As a practicing Buddhist, I believe that the way to attract positive vibrations and experiences to oneself is to surround oneself with people who are themselves filled with positive energy. There’s a saying in the bible I like: “He that hangs with fools shall be destroyed. He that hangs with wise men shall be made wise.” I will use gender-neutral pronouns henceforth, because while I have no particular wish to either draw negative attention to this blogger or engage said blogger in additional debate, I do want to address the fallacy of the blogger’s claim.

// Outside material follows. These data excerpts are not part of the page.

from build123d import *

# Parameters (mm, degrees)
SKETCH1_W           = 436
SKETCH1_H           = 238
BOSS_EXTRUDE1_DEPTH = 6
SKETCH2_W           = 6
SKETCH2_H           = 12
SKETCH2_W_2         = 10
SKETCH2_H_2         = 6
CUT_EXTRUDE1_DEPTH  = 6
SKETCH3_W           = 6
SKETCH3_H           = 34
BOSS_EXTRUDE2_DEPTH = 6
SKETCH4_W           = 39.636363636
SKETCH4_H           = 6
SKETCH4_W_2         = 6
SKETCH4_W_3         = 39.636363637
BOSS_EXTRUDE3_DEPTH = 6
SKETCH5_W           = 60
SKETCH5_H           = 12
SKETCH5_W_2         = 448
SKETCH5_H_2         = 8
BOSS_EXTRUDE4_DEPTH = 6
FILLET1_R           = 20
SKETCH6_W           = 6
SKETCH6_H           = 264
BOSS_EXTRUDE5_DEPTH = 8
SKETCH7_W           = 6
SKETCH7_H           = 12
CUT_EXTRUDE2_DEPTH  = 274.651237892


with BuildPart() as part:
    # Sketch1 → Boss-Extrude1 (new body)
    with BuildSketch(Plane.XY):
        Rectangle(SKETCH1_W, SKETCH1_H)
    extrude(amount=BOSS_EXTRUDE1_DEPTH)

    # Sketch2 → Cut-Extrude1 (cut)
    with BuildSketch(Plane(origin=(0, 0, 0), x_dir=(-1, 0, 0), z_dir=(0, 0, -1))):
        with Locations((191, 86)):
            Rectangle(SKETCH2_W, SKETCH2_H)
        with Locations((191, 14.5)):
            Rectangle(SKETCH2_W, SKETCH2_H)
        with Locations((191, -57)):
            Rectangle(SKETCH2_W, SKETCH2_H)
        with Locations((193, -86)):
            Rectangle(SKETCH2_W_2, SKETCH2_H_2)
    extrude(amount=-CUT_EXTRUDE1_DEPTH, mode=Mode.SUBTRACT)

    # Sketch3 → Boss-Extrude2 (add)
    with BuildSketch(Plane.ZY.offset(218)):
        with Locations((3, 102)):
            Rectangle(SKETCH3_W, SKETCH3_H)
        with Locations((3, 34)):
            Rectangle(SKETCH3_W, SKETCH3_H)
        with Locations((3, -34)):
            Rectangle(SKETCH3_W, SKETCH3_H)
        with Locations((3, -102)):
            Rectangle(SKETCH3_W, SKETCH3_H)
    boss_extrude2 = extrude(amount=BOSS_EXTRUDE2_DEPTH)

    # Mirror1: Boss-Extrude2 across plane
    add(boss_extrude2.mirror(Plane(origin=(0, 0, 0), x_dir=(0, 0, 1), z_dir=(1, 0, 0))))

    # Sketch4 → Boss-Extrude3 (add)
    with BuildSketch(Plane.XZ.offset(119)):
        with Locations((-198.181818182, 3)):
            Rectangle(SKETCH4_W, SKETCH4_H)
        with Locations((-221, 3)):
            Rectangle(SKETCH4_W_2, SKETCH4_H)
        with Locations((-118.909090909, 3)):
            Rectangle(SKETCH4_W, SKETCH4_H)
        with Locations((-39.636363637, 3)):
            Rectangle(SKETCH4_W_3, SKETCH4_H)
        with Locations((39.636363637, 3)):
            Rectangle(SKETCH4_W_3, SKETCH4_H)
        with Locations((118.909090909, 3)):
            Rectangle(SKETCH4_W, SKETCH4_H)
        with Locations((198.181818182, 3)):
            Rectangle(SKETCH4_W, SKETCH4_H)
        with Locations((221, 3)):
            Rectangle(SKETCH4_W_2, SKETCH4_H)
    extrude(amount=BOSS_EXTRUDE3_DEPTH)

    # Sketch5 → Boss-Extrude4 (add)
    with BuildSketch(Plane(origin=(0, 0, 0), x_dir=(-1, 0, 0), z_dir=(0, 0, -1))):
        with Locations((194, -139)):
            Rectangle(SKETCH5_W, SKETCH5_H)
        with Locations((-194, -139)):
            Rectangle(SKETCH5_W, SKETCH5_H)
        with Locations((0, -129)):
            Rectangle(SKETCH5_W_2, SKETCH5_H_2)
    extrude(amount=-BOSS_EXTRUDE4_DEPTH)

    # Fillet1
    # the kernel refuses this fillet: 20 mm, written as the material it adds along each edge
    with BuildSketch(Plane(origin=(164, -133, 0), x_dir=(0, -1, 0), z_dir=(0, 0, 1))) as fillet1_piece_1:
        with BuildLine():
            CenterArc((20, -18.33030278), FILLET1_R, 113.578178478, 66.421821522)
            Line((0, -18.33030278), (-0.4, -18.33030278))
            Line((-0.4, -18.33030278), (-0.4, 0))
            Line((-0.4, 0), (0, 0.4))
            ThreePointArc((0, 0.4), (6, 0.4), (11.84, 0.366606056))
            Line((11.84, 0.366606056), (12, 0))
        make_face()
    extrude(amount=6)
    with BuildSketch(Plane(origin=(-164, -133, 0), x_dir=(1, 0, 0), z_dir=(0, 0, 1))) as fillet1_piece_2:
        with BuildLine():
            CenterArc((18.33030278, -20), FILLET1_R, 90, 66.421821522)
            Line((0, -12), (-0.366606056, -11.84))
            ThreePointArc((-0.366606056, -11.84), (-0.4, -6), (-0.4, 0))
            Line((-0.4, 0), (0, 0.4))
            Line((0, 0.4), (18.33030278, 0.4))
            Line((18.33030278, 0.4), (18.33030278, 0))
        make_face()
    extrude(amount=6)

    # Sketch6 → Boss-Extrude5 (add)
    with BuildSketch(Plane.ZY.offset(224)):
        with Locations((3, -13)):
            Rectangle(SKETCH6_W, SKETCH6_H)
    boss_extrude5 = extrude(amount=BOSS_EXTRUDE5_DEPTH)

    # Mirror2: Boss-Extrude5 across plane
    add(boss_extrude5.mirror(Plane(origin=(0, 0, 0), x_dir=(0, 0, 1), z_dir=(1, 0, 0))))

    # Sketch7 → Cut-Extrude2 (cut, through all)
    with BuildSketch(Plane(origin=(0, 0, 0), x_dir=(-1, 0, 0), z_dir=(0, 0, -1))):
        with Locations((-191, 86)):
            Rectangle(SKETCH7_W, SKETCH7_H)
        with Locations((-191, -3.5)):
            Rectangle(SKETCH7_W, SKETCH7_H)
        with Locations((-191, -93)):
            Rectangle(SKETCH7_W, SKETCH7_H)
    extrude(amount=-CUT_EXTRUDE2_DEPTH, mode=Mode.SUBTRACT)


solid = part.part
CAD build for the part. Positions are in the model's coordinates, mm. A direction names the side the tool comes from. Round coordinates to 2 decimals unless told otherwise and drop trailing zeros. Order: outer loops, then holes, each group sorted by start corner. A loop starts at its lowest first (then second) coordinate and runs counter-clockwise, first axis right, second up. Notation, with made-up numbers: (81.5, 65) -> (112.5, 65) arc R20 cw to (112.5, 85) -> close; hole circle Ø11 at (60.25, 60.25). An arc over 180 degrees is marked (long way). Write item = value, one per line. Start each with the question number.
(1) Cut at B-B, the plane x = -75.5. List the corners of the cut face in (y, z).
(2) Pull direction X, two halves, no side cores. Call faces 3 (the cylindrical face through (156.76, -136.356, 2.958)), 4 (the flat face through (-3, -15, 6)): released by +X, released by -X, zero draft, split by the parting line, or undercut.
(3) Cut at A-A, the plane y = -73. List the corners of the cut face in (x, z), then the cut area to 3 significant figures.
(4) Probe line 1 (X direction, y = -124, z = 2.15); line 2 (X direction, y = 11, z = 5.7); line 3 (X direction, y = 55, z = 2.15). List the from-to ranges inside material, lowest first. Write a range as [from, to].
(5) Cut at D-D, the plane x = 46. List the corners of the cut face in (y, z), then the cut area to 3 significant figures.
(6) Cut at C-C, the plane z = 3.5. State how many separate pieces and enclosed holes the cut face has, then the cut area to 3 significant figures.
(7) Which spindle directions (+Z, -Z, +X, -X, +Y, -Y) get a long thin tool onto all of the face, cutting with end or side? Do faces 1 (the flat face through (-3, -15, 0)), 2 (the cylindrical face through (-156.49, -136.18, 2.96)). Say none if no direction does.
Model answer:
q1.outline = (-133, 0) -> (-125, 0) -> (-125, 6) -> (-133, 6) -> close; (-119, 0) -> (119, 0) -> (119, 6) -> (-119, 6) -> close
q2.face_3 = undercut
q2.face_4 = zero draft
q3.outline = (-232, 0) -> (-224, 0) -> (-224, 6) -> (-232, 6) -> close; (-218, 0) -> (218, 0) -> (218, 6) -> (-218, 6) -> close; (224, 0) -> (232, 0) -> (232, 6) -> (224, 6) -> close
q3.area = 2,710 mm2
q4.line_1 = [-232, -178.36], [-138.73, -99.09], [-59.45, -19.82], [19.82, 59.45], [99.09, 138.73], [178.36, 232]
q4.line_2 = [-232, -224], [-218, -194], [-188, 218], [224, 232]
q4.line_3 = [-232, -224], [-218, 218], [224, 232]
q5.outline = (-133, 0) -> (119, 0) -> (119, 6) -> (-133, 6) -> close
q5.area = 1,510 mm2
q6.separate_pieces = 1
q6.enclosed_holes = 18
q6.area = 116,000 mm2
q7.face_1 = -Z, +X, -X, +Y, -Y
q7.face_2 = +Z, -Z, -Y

The blogger denies the very real experiences of many women with eating disorders, with the claim that many of these women are simply “clinging” to an eating disorder in hopes that “recovery” will make them magically thin.
For one who makes it a point of their activist platform that fatness is not a character flaw, it seems hypocritical to then accuse women with binging disorders of using their disorder disingenuously to conceal their so-called true weight-loss intentions.
I view it much in the same vein as accusing someone, who insists they eat a balanced diet, of secretly overeating and/or eating “bad” foods simply because they are overweight.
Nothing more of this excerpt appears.